Gordetsky Jennifer, Collingwood Robin, Lai Win Shun, Del Carmen Rodriquez Pena Maria, Rais-Bahrami Soroush
1 University of Alabama at Birmingham, AL, USA.
Int J Surg Pathol. 2018 Feb;26(1):12-17. doi: 10.1177/1066896917730903. Epub 2017 Sep 14.
To review bladder specimens referred to our facility for secondary review to determine the frequency and degree of changes in pathological diagnoses, which could affect patient care.

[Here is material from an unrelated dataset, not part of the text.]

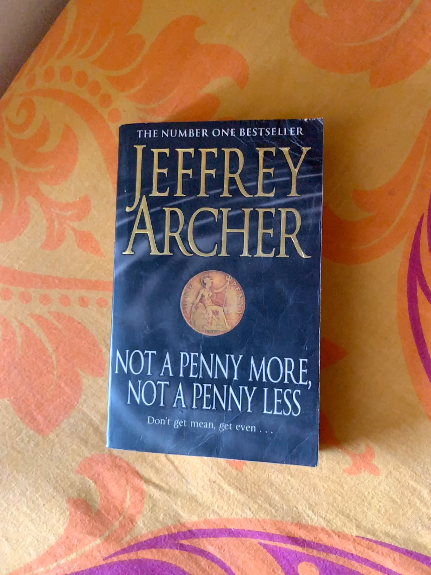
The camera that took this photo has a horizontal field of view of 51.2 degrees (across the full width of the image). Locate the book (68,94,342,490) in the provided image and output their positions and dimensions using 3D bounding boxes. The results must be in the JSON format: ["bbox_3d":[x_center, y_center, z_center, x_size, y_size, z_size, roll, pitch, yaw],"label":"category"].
[{"bbox_3d":[-0.002,-0.002,0.204,0.110,0.030,0.160,2,85,8],"label":"book"}]

A retrospective review of 246 bladder specimens sent to our pathology department for second opinion pathological review was performed. All consultation specimens were reviewed by a single genitourinary (GU)-subspecialized surgical pathologist. Any changes in the pathological grade, stage, or histological tumor type were noted as well as patient demographic data. Statistical analysis was performed to determine the frequency and type of discrepancies in diagnoses and determine any associations with patient demographic parameters.

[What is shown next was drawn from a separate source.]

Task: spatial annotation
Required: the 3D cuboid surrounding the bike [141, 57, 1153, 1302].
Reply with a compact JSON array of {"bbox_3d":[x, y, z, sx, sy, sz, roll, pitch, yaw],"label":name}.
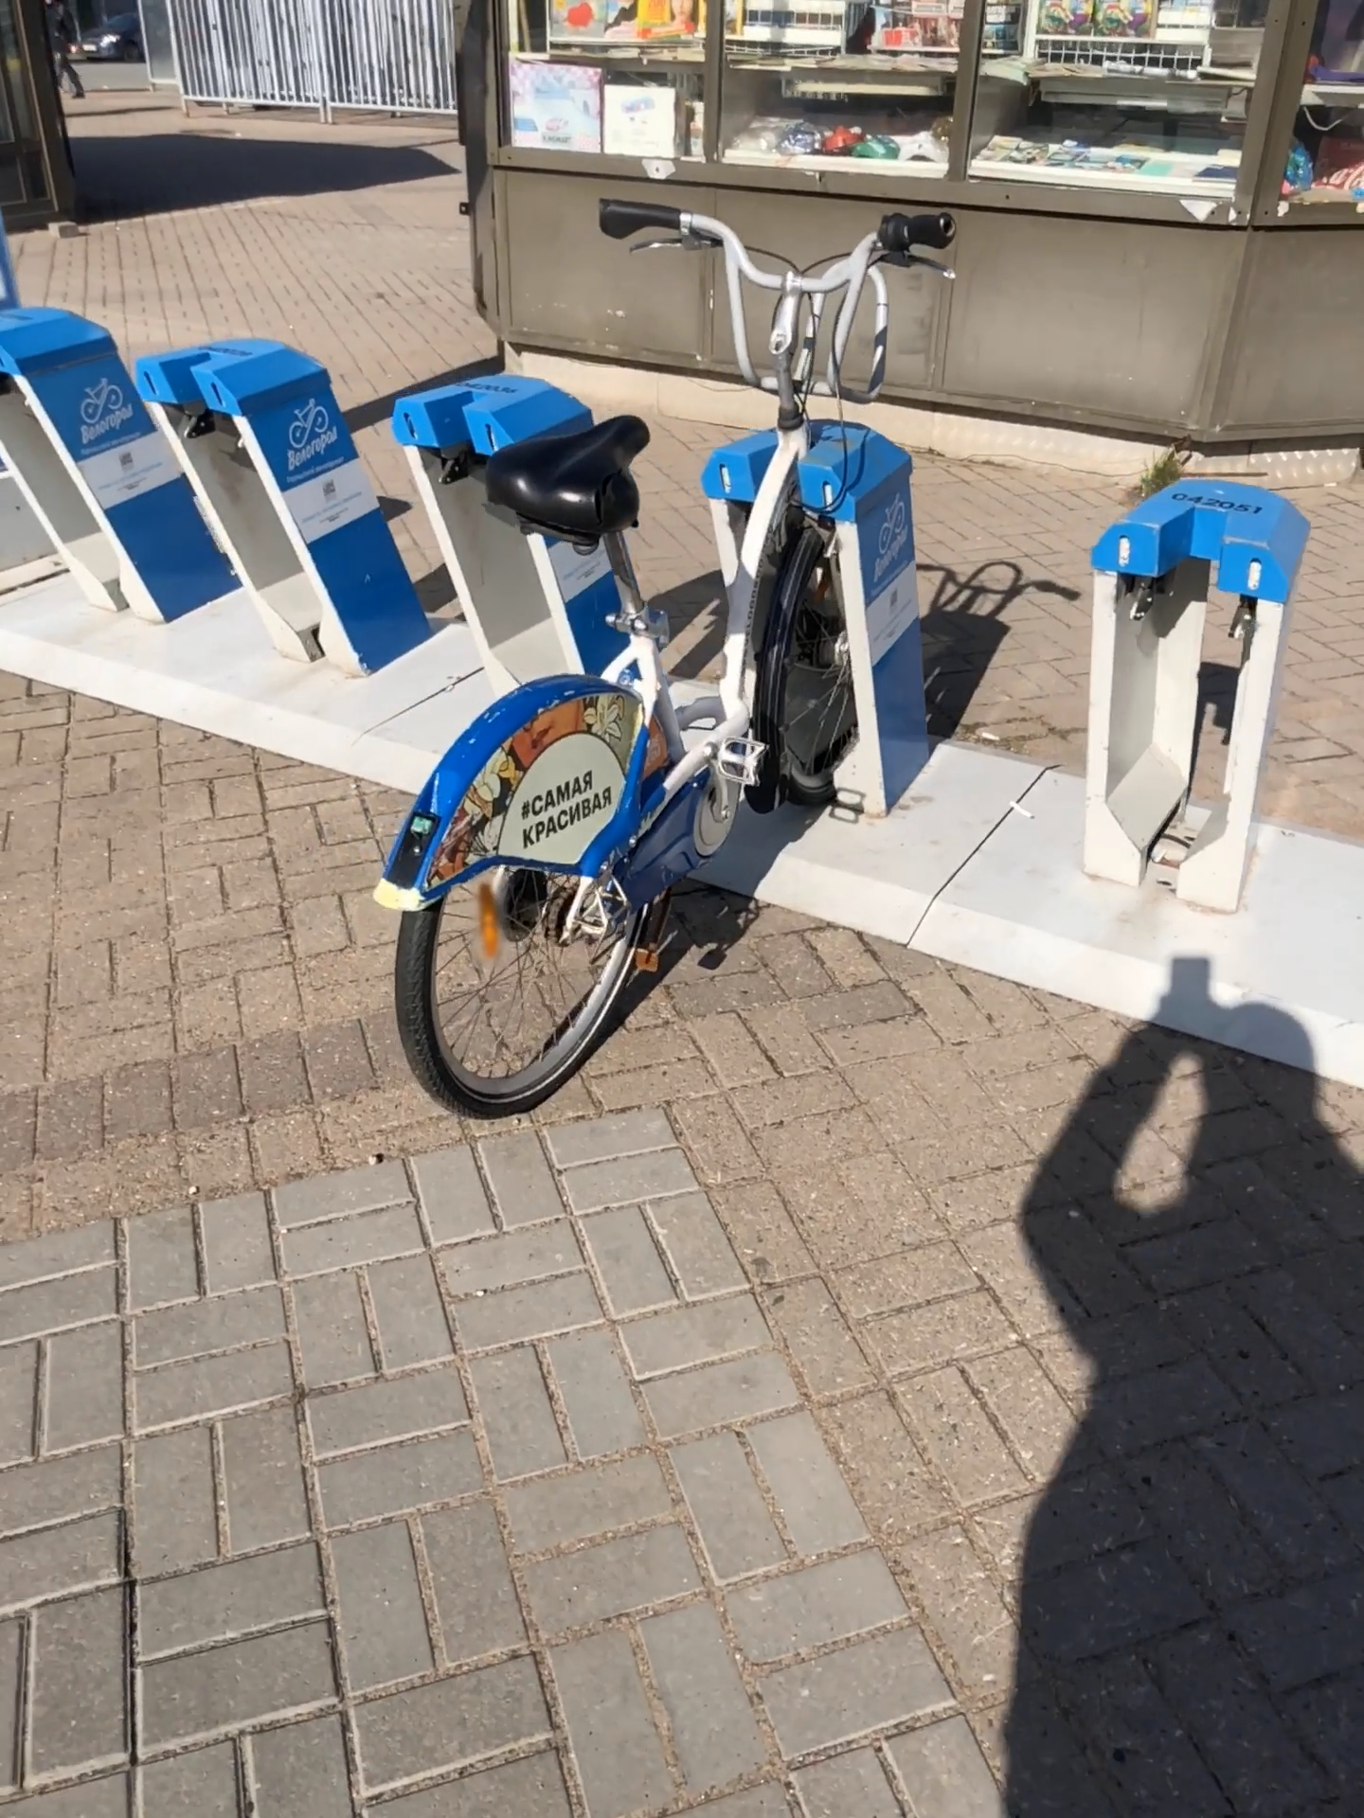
[{"bbox_3d":[0.091,-0.516,2.316,0.596,1.203,1.634,17,38,25],"label":"bike"}]

Secondary pathology consultation of 246 bladder specimens from 233 patients were reviewed and compared with the primary diagnosis. The diagnosis was altered in 91/246 cases (37.0%). The number of cases reviewed per patient and specimen type was not associated with a change in diagnosis ( P = .19; P = .1). Of the cases with a change in diagnosis, 8 (8.8%) changed malignancy status, 46 (50.5%) changed stage, 16 (17.6%) changed tumor type (ie, change from urothelial carcinoma to prostate adenocarcinoma), 16 (17.6%) changed histological variant subtype, and 14 (15.4%) changed grade. There was no association noted between age, gender, or race and changes in diagnosis ( P = .53; P = .41; P = .70).

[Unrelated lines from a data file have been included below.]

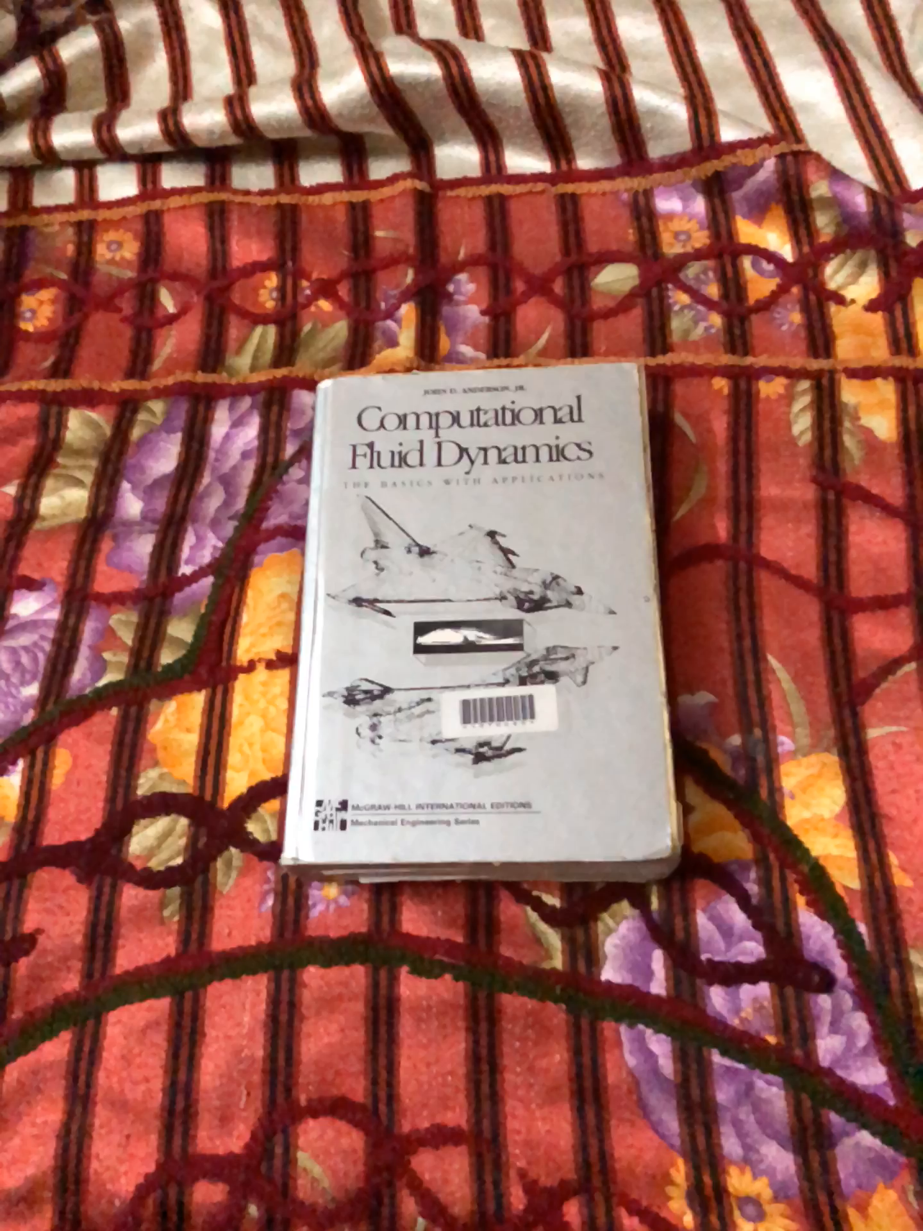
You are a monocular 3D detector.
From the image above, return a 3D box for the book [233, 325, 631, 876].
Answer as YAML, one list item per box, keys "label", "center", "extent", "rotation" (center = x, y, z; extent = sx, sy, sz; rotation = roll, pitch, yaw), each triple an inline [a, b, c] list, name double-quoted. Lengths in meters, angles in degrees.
- label: "book"
  center: [-0.010, -0.010, 0.482]
  extent: [0.160, 0.060, 0.250]
  rotation: [-2, 69, 5]

Secondary pathology review with a GU-subspecialized surgical pathologist can change the stage, grade, or histological subtype on bladder biopsy and tumor resection specimens in more than one-third of cases. Age and gender were not associated with the frequency of change in diagnosis on consultation review.
回顾送至我们机构进行二次评估的膀胱标本,以确定病理诊断变化的频率和程度,这些变化可能会影响患者的治疗。
对送至我们病理科进行二次病理评估的246份膀胱标本进行回顾性研究。所有会诊标本均由一位泌尿生殖系统(GU)专科手术病理学家进行评估。记录病理分级、分期或组织学肿瘤类型的任何变化以及患者人口统计学数据。进行统计分析以确定诊断差异的频率和类型,并确定与患者人口统计学参数的任何关联。
对来自233名患者的246份膀胱标本进行了二次病理会诊,并与初次诊断进行了比较。91/246例(37.0%)的诊断发生了改变。每位患者评估的病例数和标本类型与诊断改变无关(P = 0.19;P = 0.1)。在诊断发生改变的病例中,8例(8.8%)改变了恶性状态,46例(50.5%)改变了分期,16例(17.6%)改变了肿瘤类型(即从尿路上皮癌变为前列腺腺癌),16例(17.6%)改变了组织学变异亚型,14例(15.4%)改变了分级。年龄、性别或种族与诊断改变之间未发现关联(P = 0.53;P = 0.41;P = 0.70)。
由GU专科手术病理学家进行的二次病理评估可在超过三分之一的病例中改变膀胱活检和肿瘤切除标本的分期、分级或组织学亚型。年龄和性别与会诊评估中诊断改变的频率无关。